[Directions for this task] Reply with nothing but how many lines in the entries below include "bounding".

[Data for this exercise]
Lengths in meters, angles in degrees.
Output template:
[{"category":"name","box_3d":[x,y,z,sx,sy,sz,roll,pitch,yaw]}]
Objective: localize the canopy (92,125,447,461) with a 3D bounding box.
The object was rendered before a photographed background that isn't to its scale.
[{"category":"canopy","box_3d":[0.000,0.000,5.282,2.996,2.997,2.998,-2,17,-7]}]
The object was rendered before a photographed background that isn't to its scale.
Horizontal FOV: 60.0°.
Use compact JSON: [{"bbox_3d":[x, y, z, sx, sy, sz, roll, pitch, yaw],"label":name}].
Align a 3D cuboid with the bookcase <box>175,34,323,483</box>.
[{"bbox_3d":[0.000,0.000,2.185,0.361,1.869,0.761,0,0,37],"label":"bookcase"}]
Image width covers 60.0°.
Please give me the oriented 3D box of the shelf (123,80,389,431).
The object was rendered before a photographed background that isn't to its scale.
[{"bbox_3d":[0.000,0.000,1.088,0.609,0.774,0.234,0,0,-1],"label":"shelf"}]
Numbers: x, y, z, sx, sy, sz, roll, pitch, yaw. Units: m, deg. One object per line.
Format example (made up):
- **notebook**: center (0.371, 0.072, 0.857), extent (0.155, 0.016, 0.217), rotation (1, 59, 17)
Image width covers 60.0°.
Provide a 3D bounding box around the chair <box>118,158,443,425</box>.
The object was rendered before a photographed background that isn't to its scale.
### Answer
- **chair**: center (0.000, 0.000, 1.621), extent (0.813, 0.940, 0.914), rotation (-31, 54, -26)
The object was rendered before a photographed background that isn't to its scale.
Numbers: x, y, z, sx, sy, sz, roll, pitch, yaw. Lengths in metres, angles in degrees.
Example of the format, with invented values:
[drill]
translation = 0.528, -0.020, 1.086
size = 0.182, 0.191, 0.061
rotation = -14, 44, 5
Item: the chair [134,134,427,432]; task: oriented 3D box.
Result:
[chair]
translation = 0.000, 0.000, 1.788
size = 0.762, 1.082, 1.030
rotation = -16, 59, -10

[Task output] 2